- The workflow of compiler and interpreter
- Developer: Gordon Eubanks
- First appeared: 1976; 49 years ago
- Implementation language: PL/M
- OS: CP/M

= CBASIC =

Compiled BASIC programming language for CP/M

CBASIC is a compiled version of the BASIC programming language written for the CP/M operating system by Gordon Eubanks in 1976–1977. It is an enhanced version of BASIC-E.

==History==
BASIC-E was Eubank's master's thesis project. It was developed in PL/M by Eubanks for Gary Kildall's new CP/M operating system while both men were at the Naval Postgraduate School in Monterey, California. BASIC-E was based on a BASIC compiler originally written by Gary Kildall in 1974.

Because it was developed at public expense, BASIC-E is in the public domain and cannot be marketed exclusively. Seymour Rubinstein, the marketing director of IMSAI contacted Eubanks and asked him to create a saleable version under contract for the IMSAI 8080 microcomputer. Eubanks developed CBASIC in his spare time while he was still a naval officer stationed on the submarine USS George Washington at Vallejo, California. He retained joint ownership of the program with IMSAI, and sold CB80 through his own company, Compiler Systems until it was acquired by Digital Research in 1981.

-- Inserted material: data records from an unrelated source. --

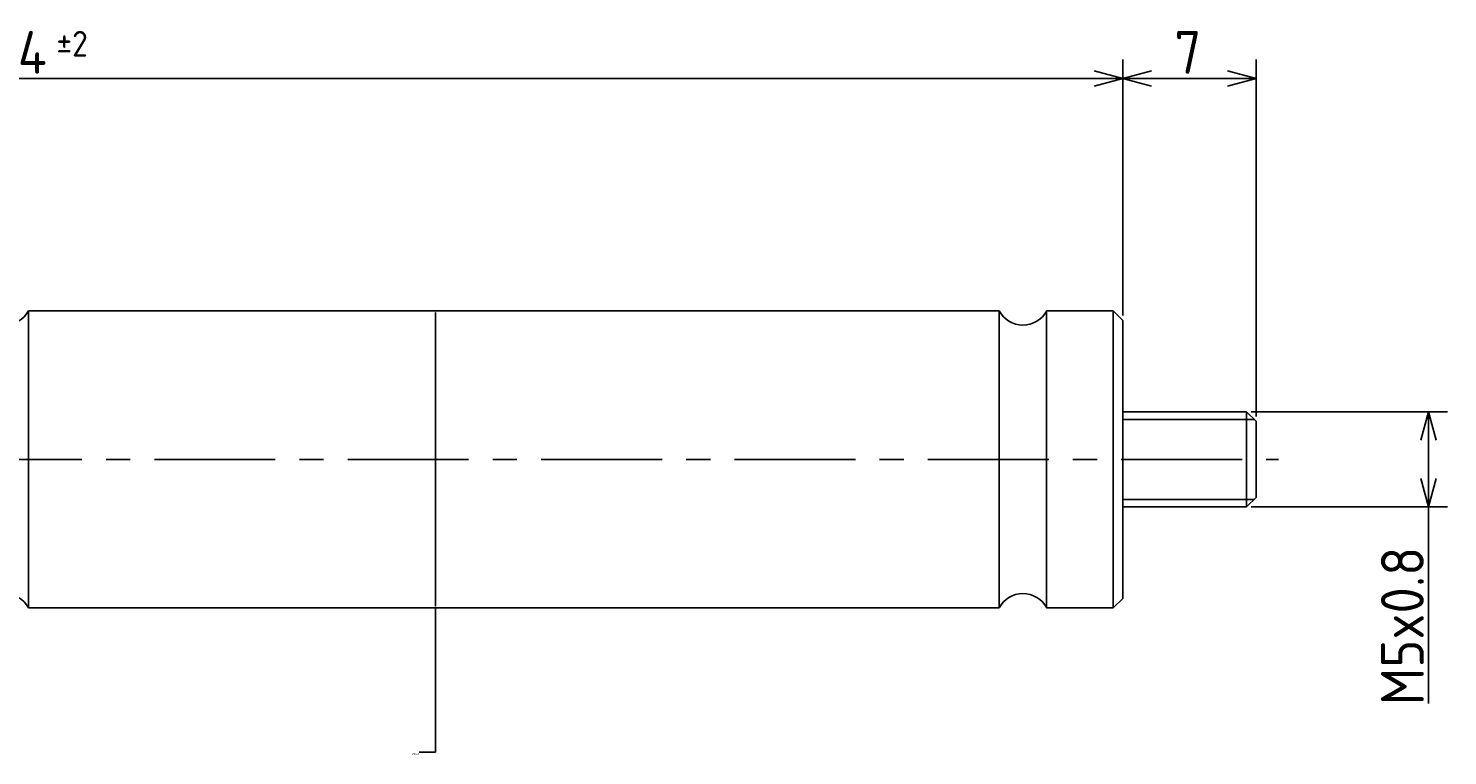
# Model space of a CAD drawing. Extents: x 100 to 248, y 159 to 198.
# Tile 3 of 3: x 174 to 248, y 159 to 198. Entities that reach past the tile are written whole.
import ezdxf

# ---------------------------------------------------------------- set-up
doc = ezdxf.new("R2010")
doc.units = 0
doc.header["$LTSCALE"] = 0.2
doc.linetypes.add('CENTER', pattern=[50.8, 31.75, -6.35, 6.35, -6.35])
doc.layers.get('0').update_dxf_attribs({"linetype": 'CONTINUOUS'})
doc.layers.get('DEFPOINTS').update_dxf_attribs({"linetype": 'CONTINUOUS'})
for name, color, linetype in [('18-0-CON', 3, 'CONTINUOUS'), ('18-2-CEN', 1, 'CENTER'), ('35-0-CON', 7, 'CONTINUOUS')]:
    doc.layers.add(name, color=color, linetype=linetype)
doc.styles.add('DIMENSION', font='isocp.shx', dxfattribs={"bigfont": 'bigfont.shx'})
doc.styles.get("Standard").update_dxf_attribs({"font": 'isocp.shx', "bigfont": 'bigfont.shx'})
doc.dimstyles.get("Standard").update_dxf_attribs({"dimtxt": 0.18, "dimasz": 0.18, "dimexe": 0.18, "dimexo": 0.0625, "dimgap": 0.09, "dimtad": 0, "dimtih": 1, "dimtoh": 1, "dimzin": 0, "dimcen": 0.09, "dimazin": 3, "dimtfac": 1, "dimtofl": 0, "dimtmove": 0, "dimatfit": 3})

# ---------------------------------------------------------------- blocks, each defined once
blk = doc.blocks.new('_OPEN30')
at = {"color": 0, "linetype": 'BYBLOCK'}
for p, q in [((-1, 0.268), (0, 0)), ((0, 0), (-1, -0.268)), ((0, 0), (-1, 0))]:
    blk.add_line(p, q, dxfattribs=at)
blk = doc.blocks.new('*U29')
at = {"layer": '18-0-CON', "color": 161, "style": 'DIMENSION'}
for s, height, p in [('±2', 1.35, (175.34, 196.15)), ('114', 2.25, (171.29, 195.25))]:
    blk.add_text(s, height=height, dxfattribs=at).set_placement(p)
blk = doc.blocks.new('*D28')
at = {"layer": '18-0-CON', "color": 161}
for p, q in [((117.369, 178.25), (117.369, 196)), ((231.369, 182.55), (231.369, 196)), ((118.869, 195), (229.869, 195))]:
    blk.add_line(p, q, dxfattribs=at)
at = {"layer": 'DEFPOINTS', "color": 0}
for p in [(231.369, 195), (231.369, 182.3), (117.369, 178)]:
    blk.add_point(p, dxfattribs=at)
at = {"layer": '18-0-CON'}
blk.add_blockref('*U29', (0, 0), dxfattribs=at)
at = {"layer": '18-0-CON', "color": 161, "xscale": 1.500000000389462, "yscale": 1.500000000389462, "zscale": 1.500000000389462, "rotation": 180}
blk.add_blockref('_OPEN30', (117.369, 195), dxfattribs=at)
at = {"layer": '18-0-CON', "color": 161, "xscale": 1.500000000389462, "yscale": 1.500000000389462, "zscale": 1.500000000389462}
blk.add_blockref('_OPEN30', (231.369, 195), dxfattribs=at)
blk = doc.blocks.new('*U31')
at = {"layer": '18-0-CON', "color": 161, "style": 'DIMENSION'}
blk.add_text('7', height=2.25, dxfattribs=at).set_placement((234.081, 195.25))
blk = doc.blocks.new('*D30')
at = {"layer": '18-0-CON', "color": 161}
for p, q in [((231.369, 182.55), (231.369, 196)), ((238.369, 177.25), (238.369, 196)), ((232.869, 195), (236.869, 195))]:
    blk.add_line(p, q, dxfattribs=at)
at = {"layer": 'DEFPOINTS', "color": 0}
for p in [(238.369, 195), (231.369, 182.3), (238.369, 177)]:
    blk.add_point(p, dxfattribs=at)
at = {"layer": '18-0-CON'}
blk.add_blockref('*U31', (0, 0), dxfattribs=at)
at = {"layer": '18-0-CON', "color": 161, "xscale": 1.500000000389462, "yscale": 1.500000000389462, "zscale": 1.500000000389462, "rotation": 180}
blk.add_blockref('_OPEN30', (231.369, 195), dxfattribs=at)
at = {"layer": '18-0-CON', "color": 161, "xscale": 1.500000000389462, "yscale": 1.500000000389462, "zscale": 1.500000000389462}
blk.add_blockref('_OPEN30', (238.369, 195), dxfattribs=at)
blk = doc.blocks.new('*D91')
at = {"layer": '18-0-CON', "color": 0}
for p, q in [((195.337, 182.8), (195.171, 182.8)), ((195.261, 182.71), (195.261, 167.29)), ((195.337, 167.2), (195.171, 167.2)), ((195.261, 159.631), (195.261, 167.2)), ((194.407, 159.631), (195.261, 159.631))]:
    blk.add_line(p, q, dxfattribs=at)
for points in [[(195.246, 182.71), (195.276, 182.71), (195.261, 182.8)], [(195.246, 167.29), (195.276, 167.29), (195.261, 167.2)]]:
    blk.add_solid(points, dxfattribs=at)
at = {"layer": 'DEFPOINTS', "color": 0}
for p in [(195.369, 182.8), (195.261, 167.2), (195.369, 167.2)]:
    blk.add_point(p, dxfattribs=at)
at = {"layer": '18-0-CON', "color": 0}
blk.add_text('%%c15.60', height=0.09, dxfattribs=at).set_placement((194.024, 159.471))
blk = doc.blocks.new('*U39')
at = {"layer": '18-0-CON', "color": 161, "style": 'DIMENSION'}
blk.add_text('M5x0.8', height=2.25, rotation=90, dxfattribs=at).set_placement((247.185, 162.087))
blk = doc.blocks.new('*D38')
at = {"layer": '18-0-CON', "color": 161}
for p, q in [((238.119, 177.5), (248.435, 177.5)), ((247.435, 176), (247.435, 174)), ((238.119, 172.5), (248.435, 172.5)), ((247.435, 172.5), (247.435, 162.175))]:
    blk.add_line(p, q, dxfattribs=at)
at = {"layer": 'DEFPOINTS', "color": 0}
for p in [(237.869, 177.5), (237.869, 172.5), (247.435, 172.5)]:
    blk.add_point(p, dxfattribs=at)
at = {"layer": '18-0-CON', "color": 161, "xscale": 1.500000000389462, "yscale": 1.500000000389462, "zscale": 1.500000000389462}
for p, rotation in [((247.435, 177.5), 90), ((247.435, 172.5), 270)]:
    blk.add_blockref('_OPEN30', p, dxfattribs=dict(at, rotation=rotation))
at = {"layer": '18-0-CON'}
blk.add_blockref('*U39', (0, 0), dxfattribs=at)

msp = doc.modelspace()

# ---------------------------------------------------------------- linework, layer by layer
at = {"layer": '18-0-CON'}
for p, q in [((231.369, 177.1), (238.269, 177.1)), ((231.369, 172.9), (238.269, 172.9))]:
    msp.add_line(p, q, dxfattribs=at)
at = {"layer": '18-2-CEN'}
msp.add_line((109.369, 175), (239.549, 175), dxfattribs=at)
at = {"layer": '35-0-CON'}
for p, q in [((173.869, 182.8), (224.869, 182.8)), ((173.869, 175), (173.869, 182.8)), ((224.869, 175), (224.869, 182.8)), ((227.369, 182.8), (230.869, 182.8)), ((227.369, 175), (227.369, 182.8)), ((230.869, 182.8), (231.369, 182.3)), ((230.869, 182.8), (230.869, 175)), ((231.369, 175), (231.369, 182.3)), ((231.369, 177.5), (237.869, 177.5)), ((237.869, 177.5), (238.369, 177)), ((237.869, 177.5), (237.869, 172.5)), ((238.369, 175), (238.369, 177)), ((173.869, 175), (173.869, 167.2)), ((224.869, 175), (224.869, 167.2)), ((227.369, 175), (227.369, 167.2)), ((230.869, 167.2), (230.869, 175)), ((231.369, 175), (231.369, 167.7)), ((238.369, 175), (238.369, 173)), ((237.869, 172.5), (238.369, 173)), ((231.369, 172.5), (237.869, 172.5)), ((173.869, 167.2), (224.869, 167.2)), ((227.369, 167.2), (230.869, 167.2)), ((230.869, 167.2), (231.369, 167.7))]:
    msp.add_line(p, q, dxfattribs=at)
for centre, start, end in [((172.619, 183.467), 208.07249, 331.92751), ((226.119, 183.467), 208.07249, 331.92751), ((172.619, 166.533), 28.07249, 151.92751), ((226.119, 166.533), 28.07249, 151.92751)]:
    msp.add_arc(centre, 1.417, start, end, dxfattribs=at)

# ---------------------------------------------------------------- dimensions: what is measured, and where the dimension line sits
at = {"layer": '18-0-CON'}
for base, p1, p2, override, picture, middle in [((231.369, 195), (117.369, 178), (231.369, 182.3), {"dimscale": 0.5, "dimgap": 0.5, "dimtol": 1, "dimlim": 0, "dimtp": 2, "dimtm": 2, "dimtolj": 2}, '*D28', (174.369, 196.375)), ((238.369, 195), (231.369, 182.3), (238.369, 177), {"dimscale": 0.5}, '*D30', (234.869, 196.375))]:
    dim = msp.add_linear_dim(base=base, p1=p1, p2=p2, dimstyle='Standard', override=override, dxfattribs=at)
    dim.commit()
    dim.dimension.update_dxf_attribs({"geometry": picture, "text_midpoint": middle})
for base, p1, p2, override, picture, middle in [((195.261, 167.2), (195.369, 182.8), (195.369, 167.2), {"dimscale": 0.5, "dimpost": '%%c<>', "dimtmove": 1}, '*D91', (194.204, 159.631)), ((247.435, 172.5), (237.869, 177.5), (237.869, 172.5), {"dimscale": 0.5, "dimpost": 'M<>x0.8'}, '*D38', (247.435, 166.587))]:
    dim = msp.add_linear_dim(base=base, p1=p1, p2=p2, angle=90, dimstyle='Standard', override=override, dxfattribs=at)
    dim.commit()
    dim.dimension.update_dxf_attribs({"geometry": picture, "text_midpoint": middle, "dimtype": 128})

doc.saveas('drawing.dxf')

- CBASIC COMPILER VER 2.07
- CRUN VER 2.38 / COPYRIGHT 1981 COMPILER SYSTEMS INC.

==Features==
BASIC-E and early versions of CBASIC compiled source code into an intermediate p-code file, which was then executed by a separate run-time interpreter program. CBASIC could execute in a minimum of 24 KB of memory. Line numbers in the program source were optional, unless needed as a label for a program jump. CBASIC proved very popular because it incorporated 14-digit binary-coded decimal (BCD) math which eliminated MBASIC's rounding errors that were sometimes troublesome for accounting.

CBASIC2 adds the following features:

- Integer variables
- Chaining with common variables
- Additional pre-defined functions
- Cross reference capability

==Reception==
InfoWorld in 1980 described CBASIC as the "primary language for the development of commercial CP/M applications", because of developers' widespread familiarity with BASIC and ability to distribute royalty-free binaries without source code to CBASIC owners. The magazine stated that the language had become popular "despite serious drawbacks", including the required preprocessor for interpreted source code making debugging difficult, slow speed, and incompatible changes. Despite noting "irritants", Jerry Pournelle in December 1980 praised CBASIC's design and documentation. He said that BASCOM produced much faster binaries without CBASIC's awkward edit-compile-run-debug loop, however. In May 1982 he said that "advantages abound" in CB80 compared to BASCOM, such as the ability to redimension arrays, and superior garbage collection. Pournelle assured readers that the documentation was far superior to the usual Digital Research manuals. He denounced, however, the $2000 annual fee to sell software using CB80 as "sheer madness". In September 1982 Pournelle said that CB80 "remains a real competitor to Pascal and PL/I [with] few of the inherent defects of BASIC", citing its local variables and Pascal-like functions, and approved of its new, freer licensing. He said in May 1983 that Digital Research had "practically ruin[ed]" Eubanks' CBASIC manual after acquiring his company, but that the new edition was much better.